How to study the new syllabus
For the IB Diploma Programme, a simple loop works well for a themed course:
- Map the theme first. Before drilling detail, sketch how a theme's big idea plays out at each level of organisation. This gives every fact a place to hang.
- Learn the content, then self-test. Use active recall — blank-page summaries and flashcards — rather than rereading. Rereading feels productive but rarely moves your grade.
- Practise to the mark tariff. On Paper 2, each mark is a separate valid point; count them out before you write. Our how to get a 7 in IB Biology guide covers the point-per-mark technique in full, and the SL past papers guide gives you a full-paper routine.
- Mark honestly and log why you lost each mark — missing point, wrong command term, or missing units.
How MarkScheme helps
Our IB Biology courses are built on the 2025 syllabus, so you are learning the current theme-based content, not an outdated topic list. Work through the free [IB Biology SL course](/ib/courses/biology-sl) or [HL course](/ib/courses/biology-hl) to cover each theme across the levels of organisation, then [get an answer marked](/mark) for point-by-point feedback aligned with IB assessment objectives — so you can see exactly which marking points you are missing before exam day. Browse the [IB guides hub](/guides/ib) for subject-wide strategy.

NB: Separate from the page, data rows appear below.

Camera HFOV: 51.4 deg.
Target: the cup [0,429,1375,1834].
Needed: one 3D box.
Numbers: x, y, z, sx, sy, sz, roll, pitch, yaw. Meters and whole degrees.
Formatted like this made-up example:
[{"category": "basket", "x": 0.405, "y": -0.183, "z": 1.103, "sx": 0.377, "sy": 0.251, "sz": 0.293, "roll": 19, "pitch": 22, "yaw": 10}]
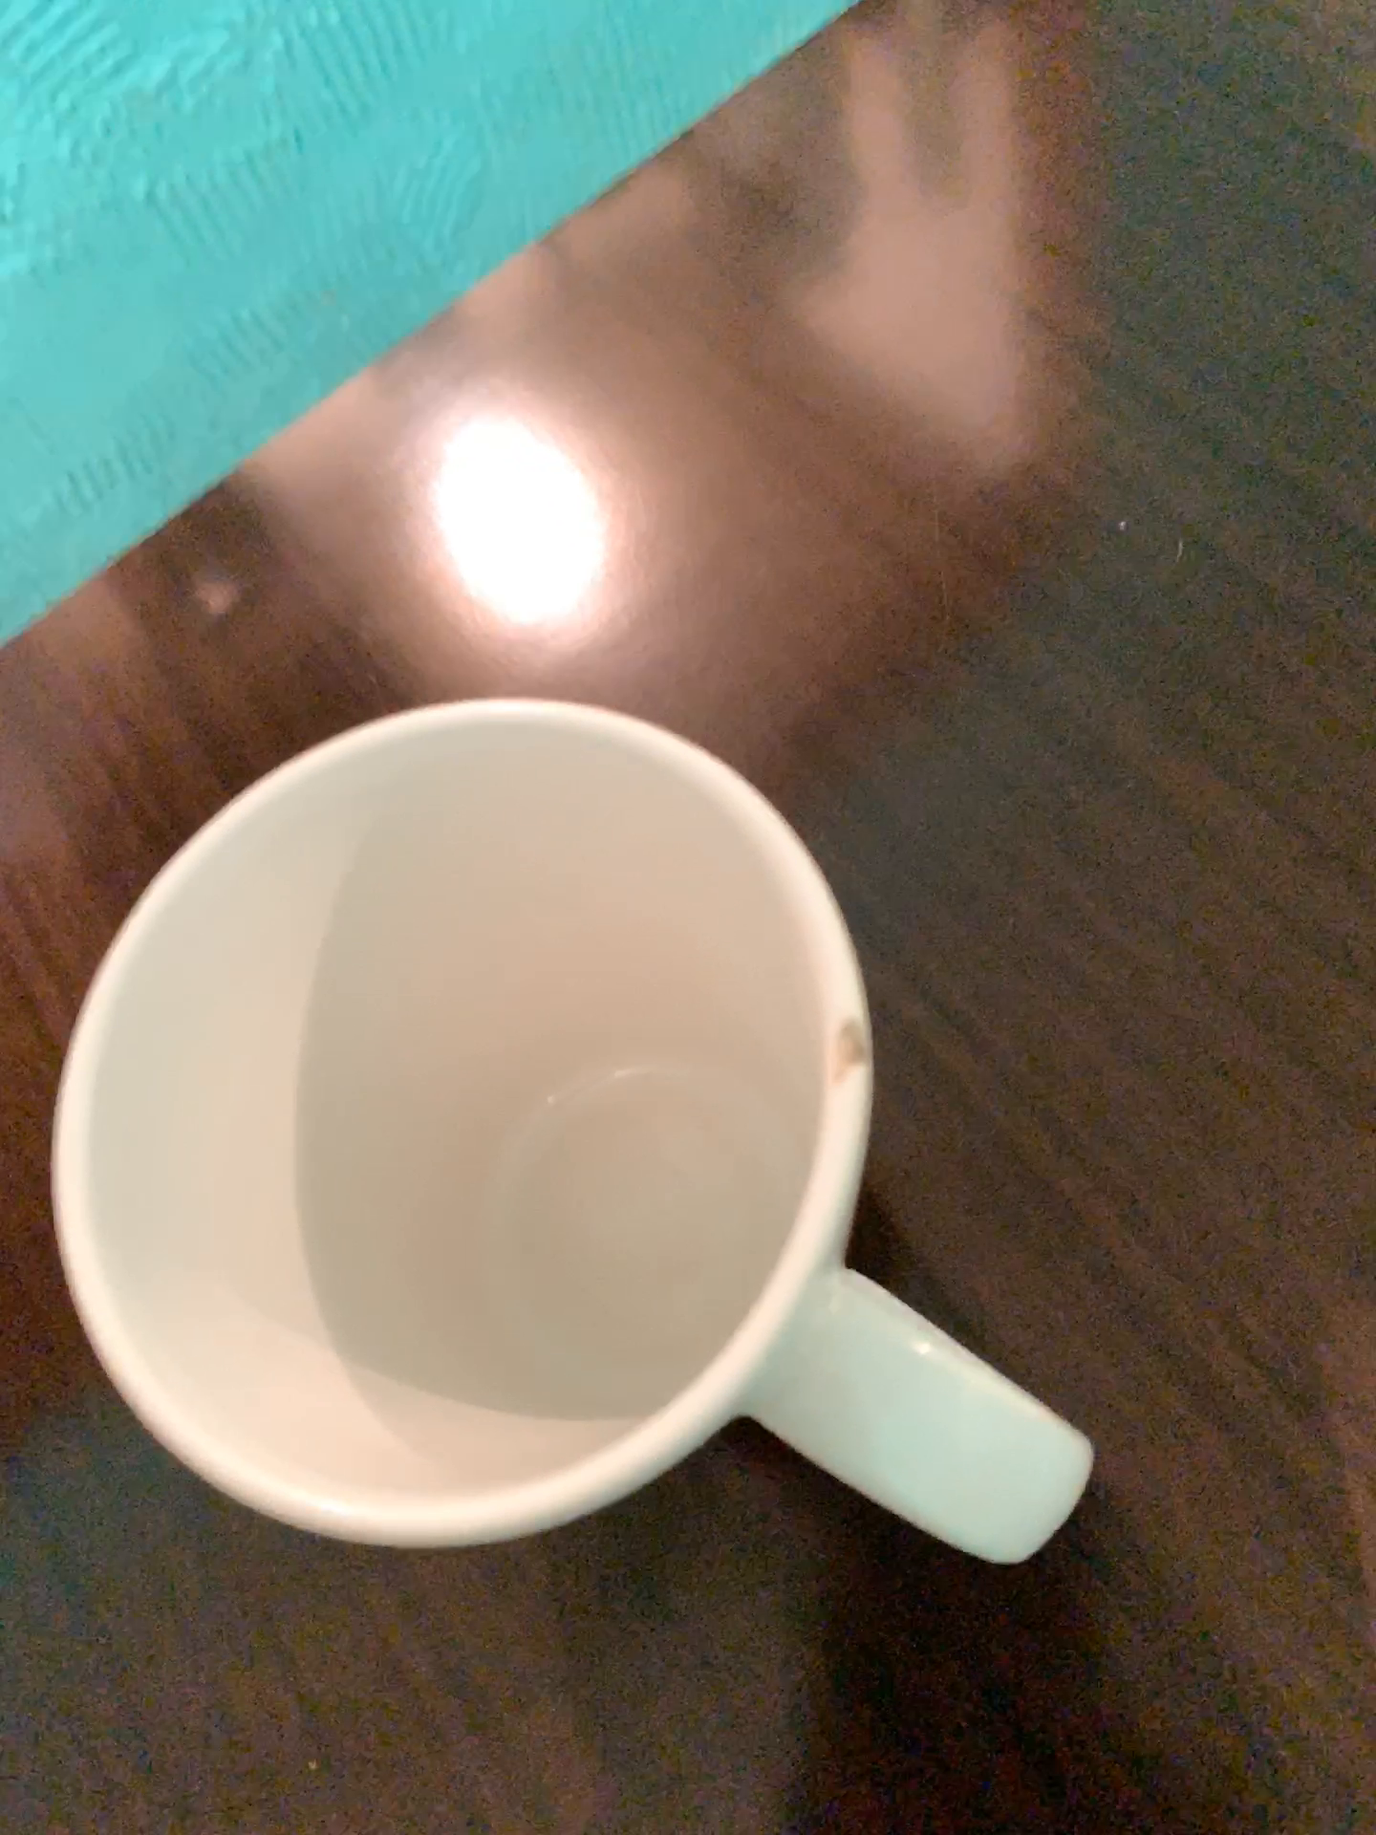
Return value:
[{"category": "cup", "x": -0.006, "y": 0.026, "z": 0.155, "sx": 0.110, "sy": 0.080, "sz": 0.090, "roll": 31, "pitch": 79, "yaw": 22}]

Frequently asked questions
This section covers Frequently asked questions — what IB examiners reward most often in past papers and coursework.

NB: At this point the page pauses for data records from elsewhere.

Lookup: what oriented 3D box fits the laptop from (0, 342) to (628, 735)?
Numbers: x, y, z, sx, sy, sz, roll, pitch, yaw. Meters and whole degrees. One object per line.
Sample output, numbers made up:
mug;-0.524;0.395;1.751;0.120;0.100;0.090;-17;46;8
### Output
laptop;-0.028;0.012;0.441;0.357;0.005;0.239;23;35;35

When are the first exams for the new IB Biology syllabus?
The first examinations for the current IB Biology syllabus were in May 2025, with first teaching in 2023. If you are sitting exams in 2025 or later, you are on the new theme-based course. Confirm your exact session with your teacher.
Are there still options in IB Biology?
No. The options were removed in the 2025 syllabus. Everyone now studies a single common body of content, with AHL material added for HL students. There is no separate options paper.
How many exam papers are there now?
Two. Paper 1 combines multiple-choice and data-based questions; Paper 2 is short-answer and extended-response. The old third paper that covered the options no longer exists. For exact timings and weightings, check the official IB subject guide or your teacher.
What are the four themes in IB Biology?
A — Unity and diversity, B — Form and function, C — Interaction and interdependence, and D — Continuity and change. Each is explored across levels of biological organisation, from molecules and cells to organisms and ecosystems.
Did the internal assessment change?
The internal assessment remains an individual scientific investigation marked against set criteria, contributing to your final grade alongside the exams. Its role as hands-on, student-controlled coursework carried over to the new syllabus.